Fils d’un marchand échevin de Beauvais, Dubos fait ses premières études dans sa ville natale avant de venir les achever à Paris où il étudie la théologie, puis le droit public. Après avoir été reçu bachelier de Sorbonne en 1691.

Il entre dans les bureaux de Jean-Baptiste Colbert de Torcy qui le charge de missions secrètes auprès de diverses cours d’Europe, en Allemagne, en Italie, en Angleterre, en Hollande. S’en étant acquitté en négociateur habile et ayant pris une part importante aux traités conclus à Utrecht, Bade et Radstadt.

Chargé des négociations de paix lors de la guerre de Hollande qui oppose la France et ses alliés aux pays qui formeront plus tard la Quadruple Alliance, l’abbé Dubos publie en 1703 “Les Interests de l’Angleterre mal entendus dans la guerre présente”, dont certains chapitres contiennent des révélations que les Hollandais mettront à profit, ce qui a fait dire à certains que son livre aurait dû être nommé Les Intérêts de l’Angleterre mal entendus par l’abbé Dubos. Il s’agit probablement d’un ouvrage de commande fait sur ordre de la cour de France qui lui avait fourni les mémoires. Dubos y fait, sur l’Angleterre, des prédictions funestes qui ne se sont pas réalisées mais il y prédit également que les colonies britanniques en Amérique se révolteraient un jour contre leurs maîtres.

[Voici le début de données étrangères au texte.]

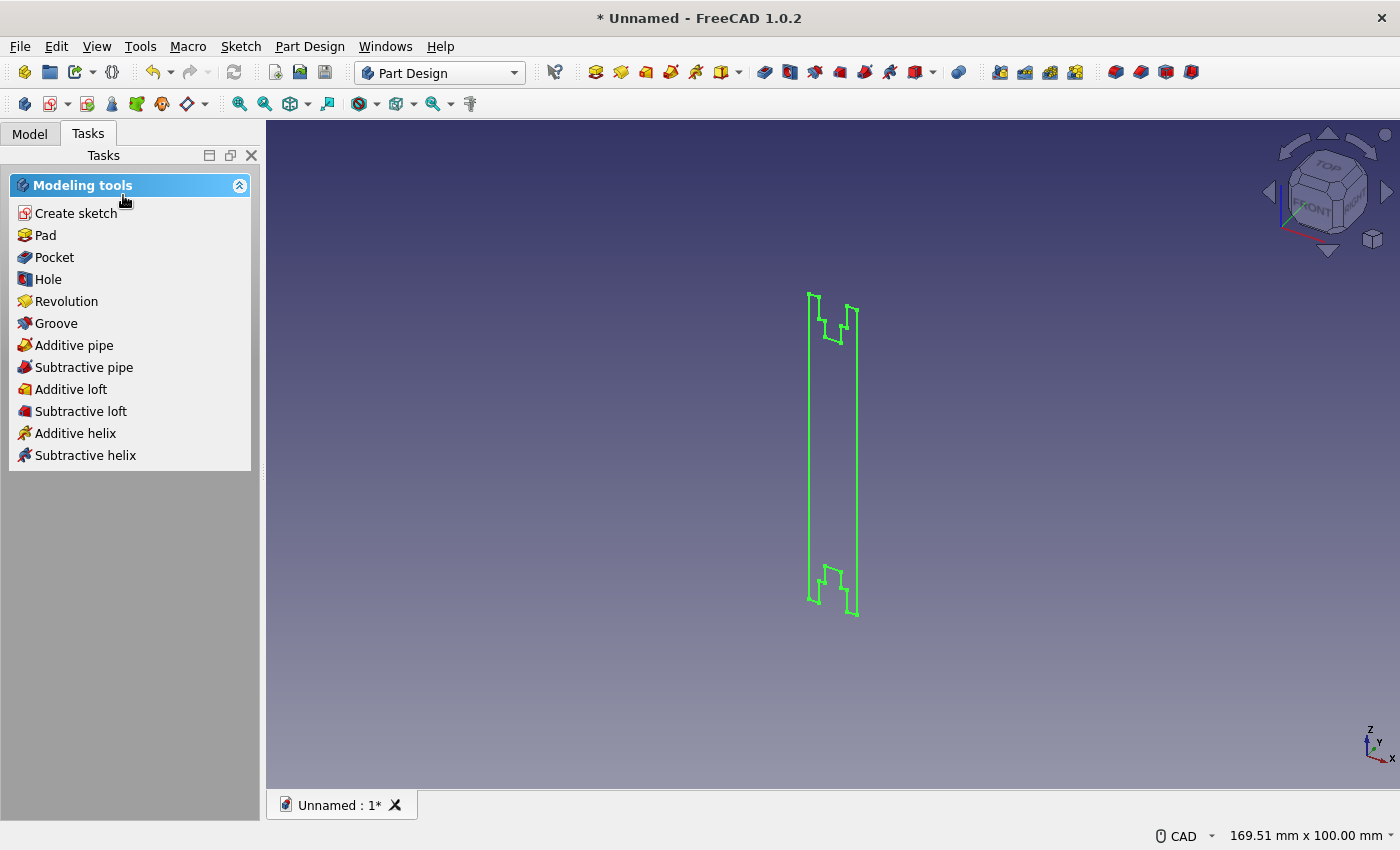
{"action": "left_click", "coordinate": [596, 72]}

Puis, le régent et le cardinal Dubois firent le même usage, avec le même succès, de ses talents.

Ses nombreux services furent récompensés par des bénéfices et des pensions, et enfin par l’abbaye de Notre-dame de Ressons [1] près de Beauvais, après quoi il abandonna la politique pour se consacrer à l’histoire.

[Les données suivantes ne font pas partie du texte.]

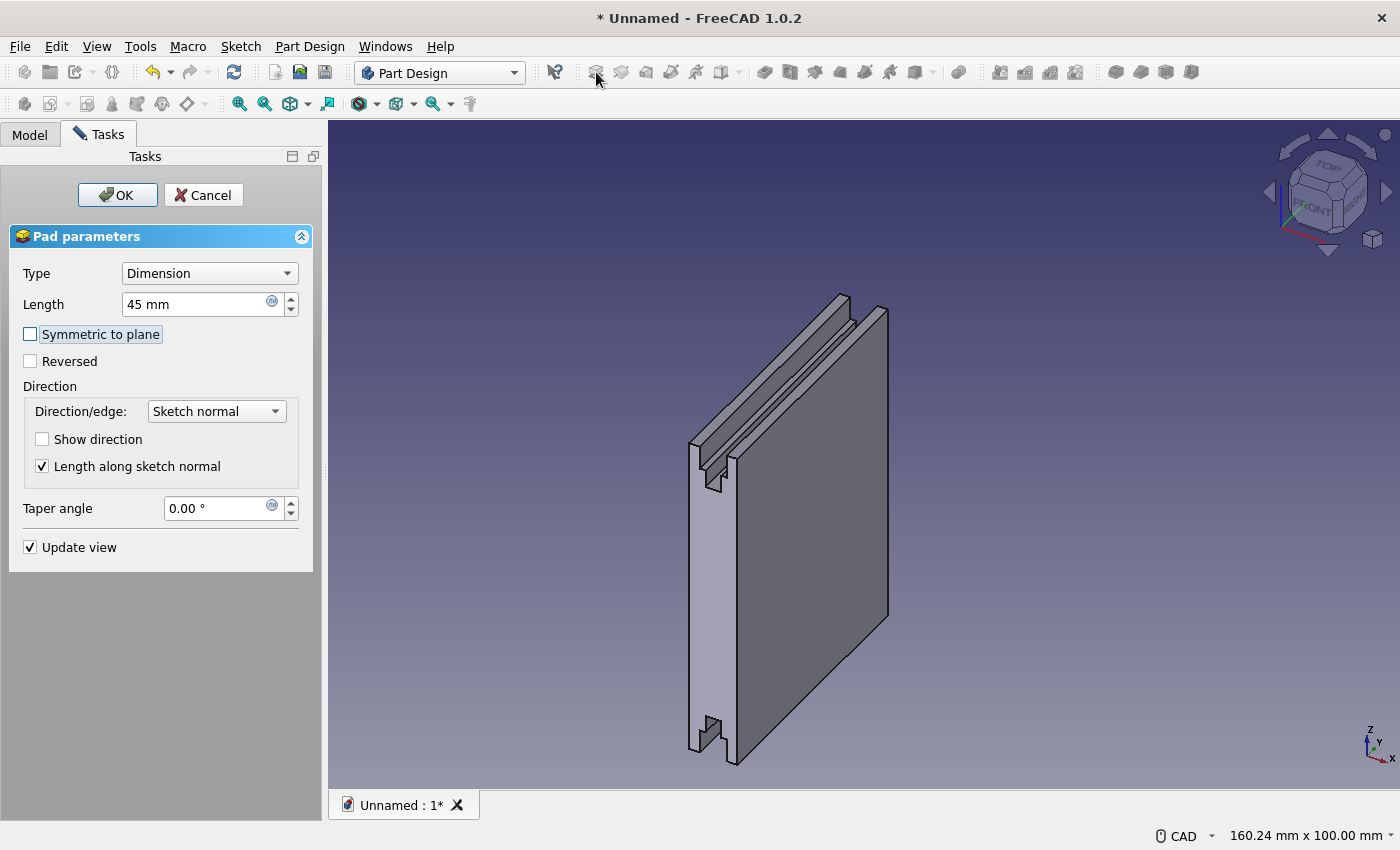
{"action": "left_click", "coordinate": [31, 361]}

Le 8 janvier 1720, il remplaça à l’Académie l’ abbé Genest , et fut reçu le 3 février 1720 par le marquis de Sainte-Aulaire. Il reçut à l’académie Boivin et Alary et fut nommé secrétaire perpétuel, le 19 novembre 1722, le sixième depuis la fondation de l’Académie, à la mort de Dacier , et fut remplacé lui-même par l’ abbé Houtteville . Sans être de ses familiers, il fréquenta le salon de Mme de Lambert.

Il meurt le 23 mars 1742.

P.-S.

Source : Cet article est partiellement ou en totalité issu de l’article de Notice biographique de l’Académie française et de encyclopédie universalis /

Notes

[1] L’abbaye de Ressons, de l’ordre des Prémontrés, sise dans le Vexin français, dans le doyenné de Chaumon et l’archidiocèse de Rouen, n’était à l’origine qu’un prieuré. Il fut érigé en abbaye en 1125 et reconnut les anciens seigneurs d’Aumont pour ses principaux fondateurs et bienfaiteurs : ils y avaient, à ce titre, droit de sépulture.